Monotone queries and preservation theorems

Submitted by Jan Van den Bussche on Thu, 10/27/2016 - 14:11

motone bird

Let me begin with a call for blog posts: if you do research work on the principles of data management, please consider registering and contribute a blog post! It is really not the intention that this blog contains mainly blog posts by myself!

Another request: if you think this site is (or has the potential to become) relevant, please link to it from your homepage! For example, you could say your area is the principles of data management and then put a link to this site under that.

Anyway. Last week I was visiting Dirk Van Gucht at Indiana University Bloomington, together with my student Dimitri Surinx. Visiting there always feels a bit like coming home. Among the many things we discussed was the notion of monotone query. We actually realized that there are two different definitions of "monotone query". Let's focus on yes/no queries for simplicity.

Let us call a query Q "model-theory-monotone" if, whenever you have two database instances A and B with the same active domain, and B has all the facts of A, and Q is yes on A, then Q is also yes on B.

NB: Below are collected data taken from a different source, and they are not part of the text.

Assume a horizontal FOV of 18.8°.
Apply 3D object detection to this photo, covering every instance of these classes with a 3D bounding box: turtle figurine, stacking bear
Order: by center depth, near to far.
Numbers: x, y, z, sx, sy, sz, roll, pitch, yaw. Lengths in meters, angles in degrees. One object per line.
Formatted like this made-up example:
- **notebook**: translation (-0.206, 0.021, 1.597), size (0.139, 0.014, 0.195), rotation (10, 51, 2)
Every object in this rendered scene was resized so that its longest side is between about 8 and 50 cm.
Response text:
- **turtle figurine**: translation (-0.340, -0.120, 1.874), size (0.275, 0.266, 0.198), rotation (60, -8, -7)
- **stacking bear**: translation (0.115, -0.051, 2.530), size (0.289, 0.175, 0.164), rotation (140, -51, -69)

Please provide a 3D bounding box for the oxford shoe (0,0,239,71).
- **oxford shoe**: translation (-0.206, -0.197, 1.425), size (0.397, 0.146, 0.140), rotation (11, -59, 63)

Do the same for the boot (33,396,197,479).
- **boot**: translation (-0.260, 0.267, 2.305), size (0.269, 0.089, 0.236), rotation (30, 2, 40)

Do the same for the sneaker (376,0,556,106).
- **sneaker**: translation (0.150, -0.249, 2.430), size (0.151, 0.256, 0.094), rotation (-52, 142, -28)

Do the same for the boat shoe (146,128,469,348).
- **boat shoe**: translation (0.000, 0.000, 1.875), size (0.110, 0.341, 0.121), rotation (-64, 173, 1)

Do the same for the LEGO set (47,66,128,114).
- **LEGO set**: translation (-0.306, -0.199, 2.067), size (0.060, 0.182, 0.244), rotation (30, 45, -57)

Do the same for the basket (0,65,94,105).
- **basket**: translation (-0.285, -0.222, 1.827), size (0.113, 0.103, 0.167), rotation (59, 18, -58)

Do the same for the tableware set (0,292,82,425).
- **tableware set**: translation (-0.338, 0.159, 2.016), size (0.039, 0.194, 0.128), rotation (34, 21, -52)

A stronger notion is "database-theory-monotone". The definition is the same, except that A and B need not have the same active domain.

A classical result in model theory, that follows from Lyndon's interpolation theorem, is that the model-theory-monotone first-order queries are exactly those expressible by positive sentences. Beware that this result allows infinite instances, so the definition of "monotone" refers to all possible instances A and B, even infinite ones.

If you loosen the definition so that it only needs to hold for finite instances, the characterization by positive sentences fails, as shown by Ajtai and Gurevich.

Consider the query expressed by the positive sentence "forall x forall y R(x,y)", interpreted under active-domain semantics. This query basically says that relation R is completely full given the current active domain, so it is obviously model-theory-monotone. However, it is clearly not database-theory monotone. The database-theory monotone queries, still allowing infinite instances, are now characterized not by the positive sentences but by the positive-existential sentences with nonequalities. (Positive-existential is the same as union of conjunctive queries.) This is proven in the recent great book on query reformulation by Benedikt, Leblay, ten Cate, and Tsamoura.

It appears to be an open question whether that characterization fails in restriction to finite instances. For a long time it seemed like basically every classical model-theoretic result fails in restriction to finite instances (this sentiment probably originates in the classic paper by Gurevich on logic tailored for computational complexity). However, Benjamin Rossman famously proved more than 10 years ago that the queries that are invariant under homomorphisms, even just over finite instances only, are characterized by the unions of conjunctive queries without nonequalities. A year ago, Benjamin put out an improved version of that result.

The question whether database-theory-monotone over finite instances equals unions of conjunctive queries with nonequalities was also raised in Martin Ugarte's PhD thesis, which is an interesting read as it translates classical preservation theorems to the RDF data model and the SPARQL query language.